My Father-in-Law owns a rental house. He’s always complaining that he has to drive over there and issue threats to get his rent, his renters don’t care for the place, etc. He says that they act as if they are entitled to his property and they act as if they may do whatever they wish.
They have a child, my Sister-in-Law (age 50) who has her RV parked on their property; hooked to their water, sewer, and electric. Yet she traipses through their house at all hours; using the bathroom, the shower, the laundry room, etc. She says; “The shower’s too cramped. I’ll stink up my RV, It’s too far to drive to the Laundromat.” and gives them no end of grief. She’s rude, foul-mouthed, doesn’t work, and is always pointing out, what she believes, is everybody else’s shortcomings. You can’t go over there without him and his wife (my wife’s mother) engaging in non-stop complaining about her.
I say in return; “Welcome to the society you created. You voted liberal for the last fifty years. This is the way you wanted things. Your ideology says that all persons should have absolute equal access to all resources, regardless of station in life or how that station was achieved. Unmanageable debt, an overwhelming dependency on government, an over-developed sense of entitlement among the people. A belief that they should be immediately ‘given’ whatever they desire.”
I tell him; “You should be ecstatic! This is Lyndon Johnson’s Great Society writ large. This isn’t the destination you had in mind? Well today is the sum total of the consequences of your actions. Enjoy the fruits of your genius!”
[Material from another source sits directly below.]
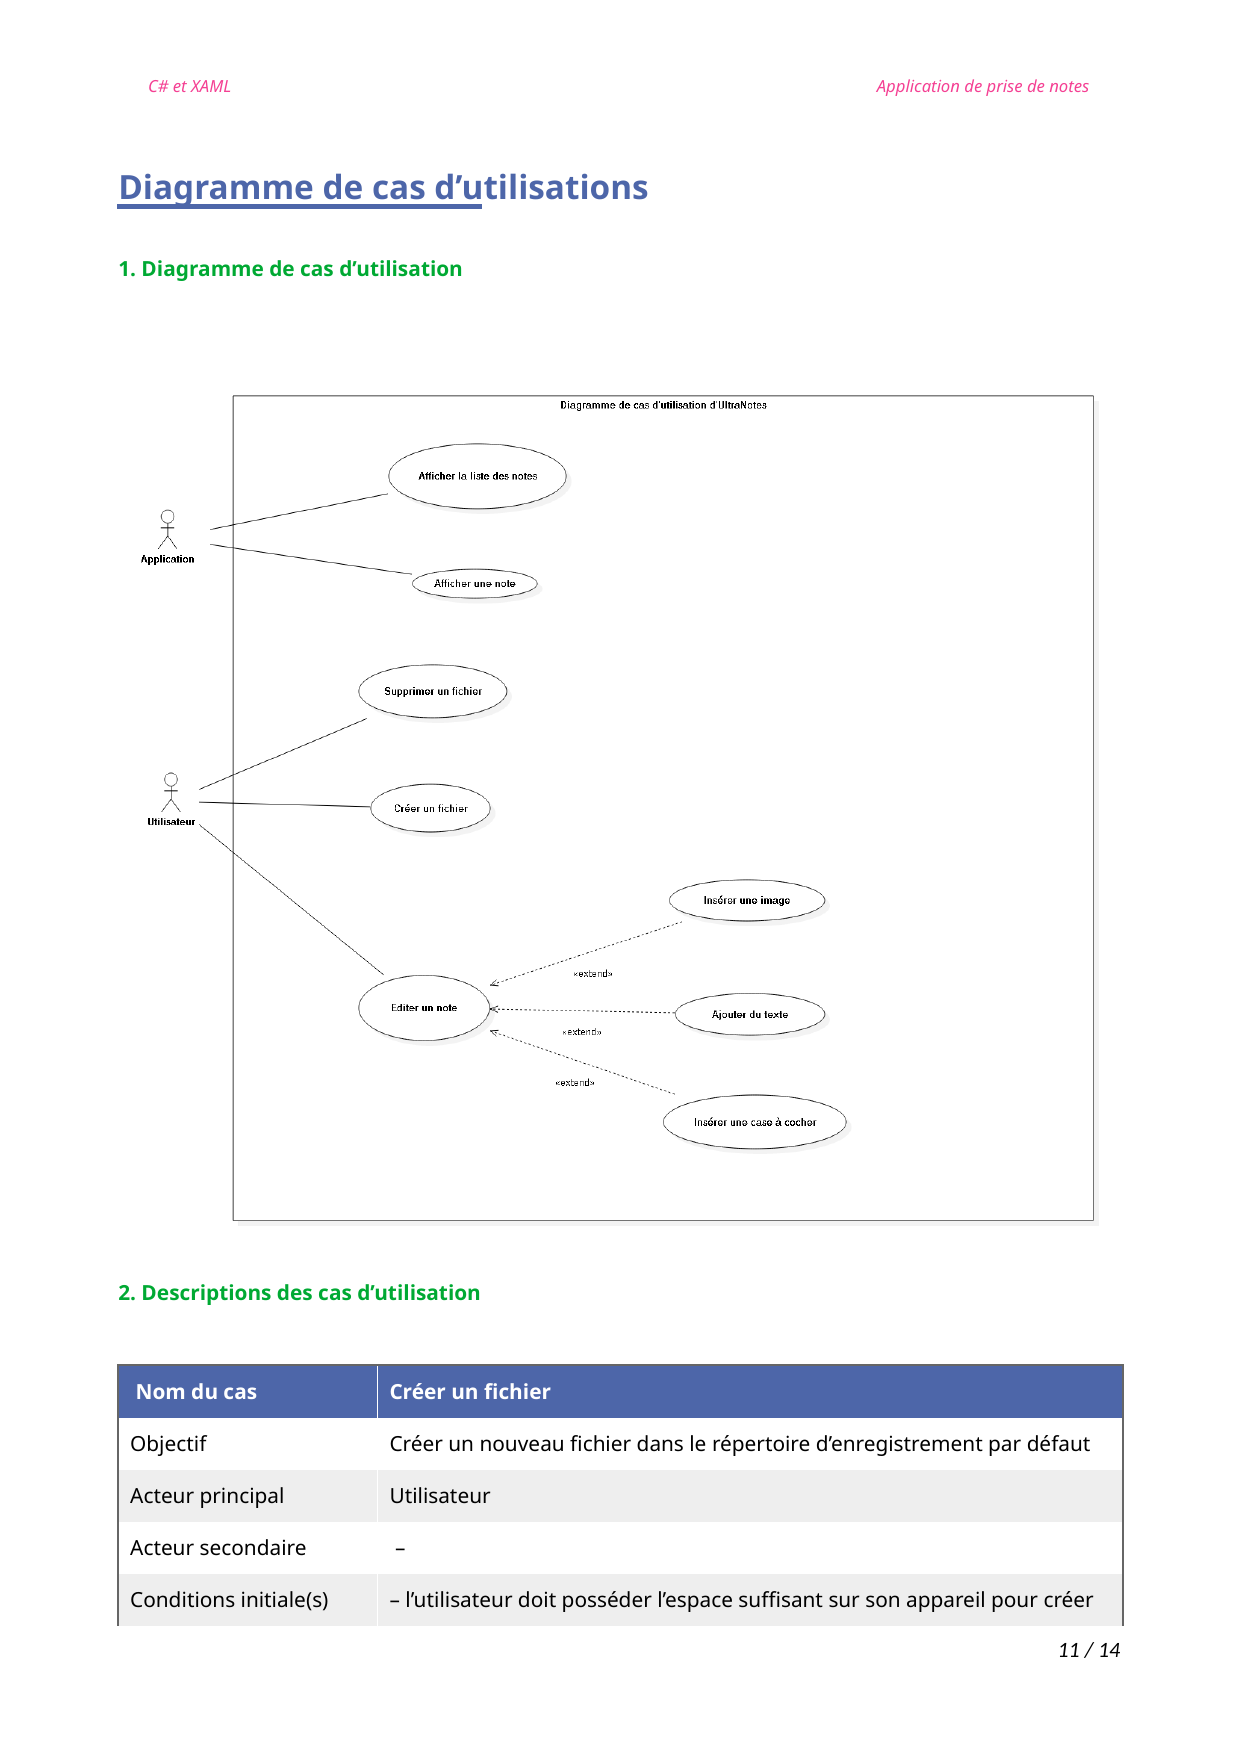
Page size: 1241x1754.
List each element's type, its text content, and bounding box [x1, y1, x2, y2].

They wring their hands over their Social Security and Medicare; worried that the checks might not come or the entitlements cut back. I tell them; “All you are is a way to get a headline; a way to gain political advantage. If you don’t think, for one minute, that the current progressive administration won’t throw you under the bus to get what they want; you’re being naïve. You’re nothing but a route to a sound-bite. That’s all you’ve ever been; just useful idiots.”
By-the-way; did I mention that that my In-Laws don’t like me very much? But I think we’re making some progress. I went over there last weekend to mow their fields and he was outside, scraping the ‘Obama/Biden’ bumper sticker off his ’85 Volvo. Hope springs eternal!